In the second quarter of 2020, foreign capital funnelled into the yuan-denominated Chinese government debt surpassed 4.3 trillion yuan ($619 billion), growing at the highest pace since late 2018, according to The Wall Street Journal.
At the end of March just 2.26 trillion yuan ($319 billion) in Chinese onshore debt was held in foreign institutions. The increase in investing activity on the Chinese bond market coincided with a steep 6.8% slump in the first quarter of this year caused by the coronavirus-related economic slowdown. However, China's economy bounced back in the second quarter, with the country's GDP rising 3.2 percent year-on-year, according to the National Bureau of Statistics (NBS) report released on 15 July.
Why China's Yields on Bonds Remain Attractive
The main reason behind the Chinese economy getting back on track and growing interest from foreign investors is that Beijing has managed to cope with the COVID-19 pandemic relatively well, according to Liu Dongmin, head of the Centre for International Finance at the Institute of World Economics and Politics, Chinese Academy of Social Sciences.

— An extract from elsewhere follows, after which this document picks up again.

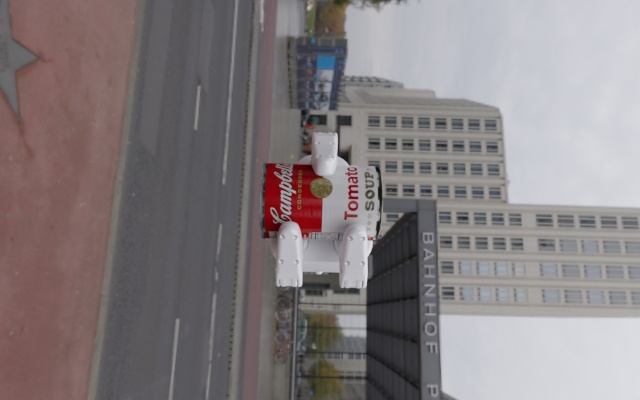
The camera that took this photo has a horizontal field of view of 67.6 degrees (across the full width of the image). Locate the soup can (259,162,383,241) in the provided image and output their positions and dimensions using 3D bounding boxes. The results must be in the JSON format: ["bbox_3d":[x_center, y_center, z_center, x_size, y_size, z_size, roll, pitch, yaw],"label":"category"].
[{"bbox_3d":[0.000,0.001,0.424,0.102,0.068,0.068,2,0,-1],"label":"soup can"}]

"Presently the economic power of the People's Republic of China has increased", Liu stresses. "Therefore, the related financial products are becoming more stable. At the same time, we see that the yield on Chinese government bonds is significantly higher than that on similar securities in Western countries, which, on the one hand, have been hit harder by the epidemic. On the other hand, these economies have been developing for many years at a much slower pace than China. As a result, we see ultra-low, zero, and even negative interest rates".

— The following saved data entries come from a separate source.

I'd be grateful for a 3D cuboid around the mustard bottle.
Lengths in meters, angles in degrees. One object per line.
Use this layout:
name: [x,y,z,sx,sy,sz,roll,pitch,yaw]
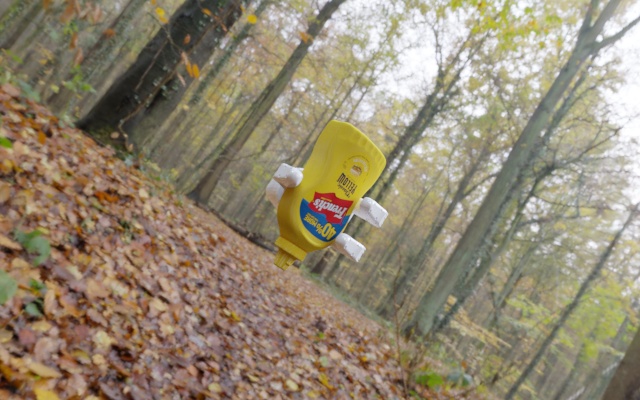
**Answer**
mustard bottle: [0.000,0.002,0.596,0.096,0.191,0.058,39,-9,-39]

The epidemic has affected almost all countries. While the United States, the European Union, Japan, and a number of other developed countries have taken a series of measures to tackle the crisis including dropping interest rates to zero or even negative values, China is adhering to a moderate monetary policy and trying to stimulate the economy with fiscal measures. As a result, 10-year Chinese Treasury bonds now offer a yield of 3.118%, while the yields on US, Japanese, and German bonds are 0.597%, 0.023%, and minus 0.515%, respectively.
The Chinese authorities are benefitting from having more foreigners holding Chinese public debt, because this increases the efficiency of management, according to Liu.
"It is undoubtedly very beneficial for us to increase the share of foreign investors among the holders of Chinese bonds because, on the one hand, it plays a positive role in the internationalisation of the yuan, and on the other hand, it shows the quality of governance", he elaborates.
While increasing the share of foreign investors among the holders of PRC debt securities, China will continue to improve debt management, he opines, explaining that when the Chinese learn how to manage debt well, then the demand for these products will increase.
Local Government Bonds Play Important Role in China's Recovery
"I think, apart from the national debt, we can still start offering foreign investors bonds of local governments", Liu adds. "We welcome the purchase of local government bonds by foreign investors on the interbank market, so that China's national and local government debt becomes increasingly safe assets in the eyes of international investors".
Local government bonds are playing an important role in the PRC's post-COVID economic recovery. China's local governments issued around 3.49 trillion yuan (about $496.5 billion) worth of bonds in the first six months of this year, according to the country's Ministry of Finance. The money is expected to be spent on the construction of "new infrastructure": 5G networks, data centres, smart factories, etc. Judging from the total annual quota, approved by the central government, 4.73 trillion yuan ($666 billion) in new local government bonds may be issued this year. This is up 53.6% from last year's quota by value, according to the Global Times.
Still the overall share of foreign holders of Chinese government bonds remains relatively low. This can be put down to it previously being extremely difficult to enter the Chinese market. However, in mid-2017, the country launched the Bond Connect programme which allowed foreigners to invest in the bond markets of mainland China through the Hong Kong market. There's no need now to open a separate trading account in the mainland which has significantly simplified the investment process.
At the same time, last year passive stockholders, who prefer to invest in indices, gained easier access to the Chinese market, since government bonds, as well as the securities of some Chinese state banks, were included in the Bloomberg Barclays aggregate index. A year later, Chinese bonds were included in the JPMorgan index. The aforementioned measures have facilitated the steep increase in the number of foreign holders of China's yuan-denominated sovereign debt.